Fictionalizing a real-life event has constraints. While I could make up the characters and the means for getting the works out of the country (sewn into the upholstery of a couple of showy vintage Cadillacs), I kept the core details of the crime completely true-to-life, fitting my fiction into a box of facts. Each time another FBI prediction falls flat, my theory remains standing. (smile)

I’m eager to see what Netflix does with this story. A four-part docuseries, This is a Robbery: The World’s Biggest Art Heist, is coming April 7.

My reading (Amazon has a three-book deal on these books):

The Gardner Heist by reporter Ulrich Boser, Order on Amazon
Priceless by FBI Art Crime Team founder, Robert K. Wittman – Amazon link
Stealing Rembrandts by Gardner Museum security director Anthony M. Amore and reporter Tom Mashberg. Amazon link

Leapin Leprechauns!

When it comes to a painful history, Irish authors know whereof they speak, and they know how to tell a story laced with humor. Fiction is one way to process lingering cultural traumas.

While I’ve read quite a few books by Irish authors in paper, they are wonderful books to listen to, as the narrators’ accents are transporting.

Crime Fiction

Next up for me is A Galway Epiphany by the award-winning Ken Bruen, called “the Godfather of the modern Irish crime novel,” being released April 1. It features his character Jack Taylor, an ex-cop turned private eye who becomes the center of his own mystery, when he is hit by a truck and left comatose but unscratched (narrated by Gerry O’Brien).

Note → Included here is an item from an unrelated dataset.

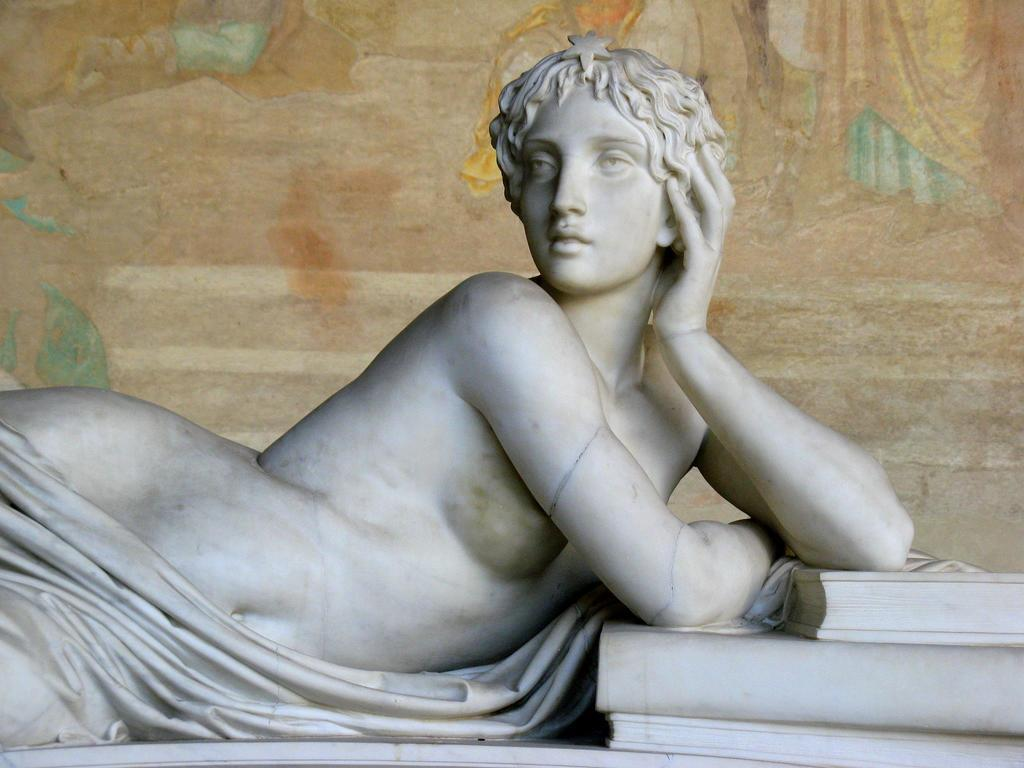What is the main subject of the image? There is a statue of a person in the image. What other objects can be seen in the image? There are books visible in the image. What can be seen on the wall in the background of the image? There is a painting on the wall in the background of the image. How does the statue exchange heat with the surrounding environment in the image? The statue does not exchange heat with the surrounding environment in the image, as it is a non-living object made of a material that does not conduct heat. 
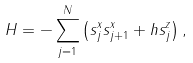Convert formula to latex. <formula><loc_0><loc_0><loc_500><loc_500>H = - \sum _ { j = 1 } ^ { N } \left ( s _ { j } ^ { x } s _ { j + 1 } ^ { x } + h s _ { j } ^ { z } \right ) ,</formula>

In the Cold, Cold Ground – Adrian McKinty’s first book featuring police detective Sean Duffy–a rare Catholic in the Royal Ulster Constabulary. In the bleak Belfast spring of 1981, hunger strikers in HM Prison Maze are dying. Paramilitaries are setting off bombs, gunfire rakes the streets, and Duffy is investigating a possible serial killer who targets homosexuals. The violent backdrop is tangible, especially with the forceful narration of the award-winning Gerard Doyle.

Stuart Neville wrote a series of excellent novels also set in Belfast, including the one I listened to, The Ghosts of Belfast. Fellow author John Connolly called it “not only one of the finest thriller debuts of the last ten years, but also one of the best Irish novels, in any genre, of recent times.”  Also narrated by Gerard Doyle.

In an interview, Doyle says that when he was a child, his parents would often take him with them to the pub. “I’d sit on the bench late into the evening listening to the stories and the lies. And the music! I even sang sometimes. They’d put me up on a table. One of my best was Ronnie Donegan’s ‘My Old Man’s a Dustbin.'”

Other Fiction

The Gathering by Booker prize-winner Anne Enright “has more layers to it—of grief, love, lightness, tragedy, absurdity, and trauma—than an onion, and may cause as much weeping,” said the editors of The American Scholar. I felt privileged to hear her reading a few years ago under the auspices of Princeton’s Fund for Irish Studies.

Glenn Patterson is another writer who gave a memorable reading in Princeton, and his The International is the story of a single night in the bar of the International Hotel, while upstairs a consequential meeting forming the Northern Ireland Civil Rights Association takes place. It’s not about militants at all but about state-of-mind.

You may think there’s not much new literary territory to explore in male-female sexual relations, yet award-winning author Eimear McBride’s The Lesser Bohemians finds it and mines it. Innovative, immersive, dazzling.

A Great Read Needs a Great Reader

Having read several excellent thrillers set in Argentina in the last year, I was excited to see the interview with Alberto Manguel (Glimmer Train #102). Born in Buenos Aires in 1948, Manguel lived in Israel and many other countries. Taking his love of reading to the huge scale, he was the director of the National Library of Argentina, but on an intimate scale, as a teenager he read out loud several times a week to the great Jorge Luis Borges as his eyesight was failing. Manguel (pictured) is now a Canadian citizen.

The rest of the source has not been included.